> [RECORDS SHOWN]
== == ==

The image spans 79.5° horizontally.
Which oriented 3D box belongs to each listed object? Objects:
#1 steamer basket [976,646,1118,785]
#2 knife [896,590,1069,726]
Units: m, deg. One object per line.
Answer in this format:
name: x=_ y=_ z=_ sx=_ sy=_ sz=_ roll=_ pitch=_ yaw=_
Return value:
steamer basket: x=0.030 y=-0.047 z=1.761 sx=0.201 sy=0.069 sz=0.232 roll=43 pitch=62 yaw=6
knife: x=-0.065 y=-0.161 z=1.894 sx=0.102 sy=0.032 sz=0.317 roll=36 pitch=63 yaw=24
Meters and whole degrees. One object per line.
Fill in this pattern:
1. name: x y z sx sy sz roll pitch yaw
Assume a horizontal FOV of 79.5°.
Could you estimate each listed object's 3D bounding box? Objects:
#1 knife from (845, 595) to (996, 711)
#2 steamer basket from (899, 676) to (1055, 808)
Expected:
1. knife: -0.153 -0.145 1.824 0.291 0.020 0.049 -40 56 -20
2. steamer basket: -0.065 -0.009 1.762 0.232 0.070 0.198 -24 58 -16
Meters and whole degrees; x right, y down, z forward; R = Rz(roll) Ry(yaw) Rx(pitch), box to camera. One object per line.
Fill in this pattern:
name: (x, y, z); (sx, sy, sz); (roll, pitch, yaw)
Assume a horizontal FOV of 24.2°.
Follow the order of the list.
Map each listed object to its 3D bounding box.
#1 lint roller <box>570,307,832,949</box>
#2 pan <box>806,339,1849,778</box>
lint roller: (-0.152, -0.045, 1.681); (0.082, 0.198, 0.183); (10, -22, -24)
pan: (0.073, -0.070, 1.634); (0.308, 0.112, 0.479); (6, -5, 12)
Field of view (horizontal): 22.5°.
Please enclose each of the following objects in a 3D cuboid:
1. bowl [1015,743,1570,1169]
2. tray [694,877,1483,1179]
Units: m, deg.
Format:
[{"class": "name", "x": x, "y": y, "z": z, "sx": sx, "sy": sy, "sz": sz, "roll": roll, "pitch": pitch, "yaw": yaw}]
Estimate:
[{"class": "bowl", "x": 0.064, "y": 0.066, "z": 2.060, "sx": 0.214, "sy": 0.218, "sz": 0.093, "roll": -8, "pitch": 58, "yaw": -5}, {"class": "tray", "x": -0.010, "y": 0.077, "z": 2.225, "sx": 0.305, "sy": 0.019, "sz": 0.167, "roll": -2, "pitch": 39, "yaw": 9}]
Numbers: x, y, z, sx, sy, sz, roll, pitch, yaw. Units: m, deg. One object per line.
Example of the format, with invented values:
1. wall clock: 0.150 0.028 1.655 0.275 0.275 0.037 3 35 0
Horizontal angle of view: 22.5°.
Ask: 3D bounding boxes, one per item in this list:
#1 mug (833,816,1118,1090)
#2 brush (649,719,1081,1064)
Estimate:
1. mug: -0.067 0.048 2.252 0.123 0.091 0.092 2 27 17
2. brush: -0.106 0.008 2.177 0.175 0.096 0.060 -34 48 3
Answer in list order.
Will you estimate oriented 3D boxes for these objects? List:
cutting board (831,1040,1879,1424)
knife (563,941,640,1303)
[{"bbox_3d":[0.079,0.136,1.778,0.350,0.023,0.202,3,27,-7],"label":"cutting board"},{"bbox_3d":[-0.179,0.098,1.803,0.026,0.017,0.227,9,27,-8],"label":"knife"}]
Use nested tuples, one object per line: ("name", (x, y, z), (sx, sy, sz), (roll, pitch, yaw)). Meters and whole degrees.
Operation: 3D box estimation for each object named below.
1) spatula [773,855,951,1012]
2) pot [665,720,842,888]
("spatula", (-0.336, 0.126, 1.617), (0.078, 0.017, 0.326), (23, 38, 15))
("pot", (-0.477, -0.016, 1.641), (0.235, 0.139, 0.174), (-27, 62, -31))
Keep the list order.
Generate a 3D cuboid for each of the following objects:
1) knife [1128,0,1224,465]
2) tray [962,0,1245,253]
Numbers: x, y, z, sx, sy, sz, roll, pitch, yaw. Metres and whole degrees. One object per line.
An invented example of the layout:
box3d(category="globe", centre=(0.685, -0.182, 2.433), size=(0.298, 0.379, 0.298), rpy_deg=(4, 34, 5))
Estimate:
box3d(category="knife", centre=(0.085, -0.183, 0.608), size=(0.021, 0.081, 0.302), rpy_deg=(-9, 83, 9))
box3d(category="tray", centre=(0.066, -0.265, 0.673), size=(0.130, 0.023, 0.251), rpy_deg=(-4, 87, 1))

== == ==

> [TASK OBJECTIVE]
The entries above must be retyped exactly, down to the last character.

> [RESULT OF THIS EXERCISE]
The image spans 79.5° horizontally.
Which oriented 3D box belongs to each listed object? Objects:
#1 steamer basket [976,646,1118,785]
#2 knife [896,590,1069,726]
Units: m, deg. One object per line.
Answer in this format:
name: x=_ y=_ z=_ sx=_ sy=_ sz=_ roll=_ pitch=_ yaw=_
Return value:
steamer basket: x=0.030 y=-0.047 z=1.761 sx=0.201 sy=0.069 sz=0.232 roll=43 pitch=62 yaw=6
knife: x=-0.065 y=-0.161 z=1.894 sx=0.102 sy=0.032 sz=0.317 roll=36 pitch=63 yaw=24
Meters and whole degrees. One object per line.
Fill in this pattern:
1. name: x y z sx sy sz roll pitch yaw
Assume a horizontal FOV of 79.5°.
Could you estimate each listed object's 3D bounding box? Objects:
#1 knife from (845, 595) to (996, 711)
#2 steamer basket from (899, 676) to (1055, 808)
Expected:
1. knife: -0.153 -0.145 1.824 0.291 0.020 0.049 -40 56 -20
2. steamer basket: -0.065 -0.009 1.762 0.232 0.070 0.198 -24 58 -16
Meters and whole degrees; x right, y down, z forward; R = Rz(roll) Ry(yaw) Rx(pitch), box to camera. One object per line.
Fill in this pattern:
name: (x, y, z); (sx, sy, sz); (roll, pitch, yaw)
Assume a horizontal FOV of 24.2°.
Follow the order of the list.
Map each listed object to its 3D bounding box.
#1 lint roller <box>570,307,832,949</box>
#2 pan <box>806,339,1849,778</box>
lint roller: (-0.152, -0.045, 1.681); (0.082, 0.198, 0.183); (10, -22, -24)
pan: (0.073, -0.070, 1.634); (0.308, 0.112, 0.479); (6, -5, 12)
Field of view (horizontal): 22.5°.
Please enclose each of the following objects in a 3D cuboid:
1. bowl [1015,743,1570,1169]
2. tray [694,877,1483,1179]
Units: m, deg.
Format:
[{"class": "name", "x": x, "y": y, "z": z, "sx": sx, "sy": sy, "sz": sz, "roll": roll, "pitch": pitch, "yaw": yaw}]
Estimate:
[{"class": "bowl", "x": 0.064, "y": 0.066, "z": 2.060, "sx": 0.214, "sy": 0.218, "sz": 0.093, "roll": -8, "pitch": 58, "yaw": -5}, {"class": "tray", "x": -0.010, "y": 0.077, "z": 2.225, "sx": 0.305, "sy": 0.019, "sz": 0.167, "roll": -2, "pitch": 39, "yaw": 9}]
Numbers: x, y, z, sx, sy, sz, roll, pitch, yaw. Units: m, deg. One object per line.
Example of the format, with invented values:
1. wall clock: 0.150 0.028 1.655 0.275 0.275 0.037 3 35 0
Horizontal angle of view: 22.5°.
Ask: 3D bounding boxes, one per item in this list:
#1 mug (833,816,1118,1090)
#2 brush (649,719,1081,1064)
Estimate:
1. mug: -0.067 0.048 2.252 0.123 0.091 0.092 2 27 17
2. brush: -0.106 0.008 2.177 0.175 0.096 0.060 -34 48 3
Answer in list order.
Will you estimate oriented 3D boxes for these objects? List:
cutting board (831,1040,1879,1424)
knife (563,941,640,1303)
[{"bbox_3d":[0.079,0.136,1.778,0.350,0.023,0.202,3,27,-7],"label":"cutting board"},{"bbox_3d":[-0.179,0.098,1.803,0.026,0.017,0.227,9,27,-8],"label":"knife"}]
Use nested tuples, one object per line: ("name", (x, y, z), (sx, sy, sz), (roll, pitch, yaw)). Meters and whole degrees.
Operation: 3D box estimation for each object named below.
1) spatula [773,855,951,1012]
2) pot [665,720,842,888]
("spatula", (-0.336, 0.126, 1.617), (0.078, 0.017, 0.326), (23, 38, 15))
("pot", (-0.477, -0.016, 1.641), (0.235, 0.139, 0.174), (-27, 62, -31))
Keep the list order.
Generate a 3D cuboid for each of the following objects:
1) knife [1128,0,1224,465]
2) tray [962,0,1245,253]
Numbers: x, y, z, sx, sy, sz, roll, pitch, yaw. Metres and whole degrees. One object per line.
An invented example of the layout:
box3d(category="globe", centre=(0.685, -0.182, 2.433), size=(0.298, 0.379, 0.298), rpy_deg=(4, 34, 5))
Estimate:
box3d(category="knife", centre=(0.085, -0.183, 0.608), size=(0.021, 0.081, 0.302), rpy_deg=(-9, 83, 9))
box3d(category="tray", centre=(0.066, -0.265, 0.673), size=(0.130, 0.023, 0.251), rpy_deg=(-4, 87, 1))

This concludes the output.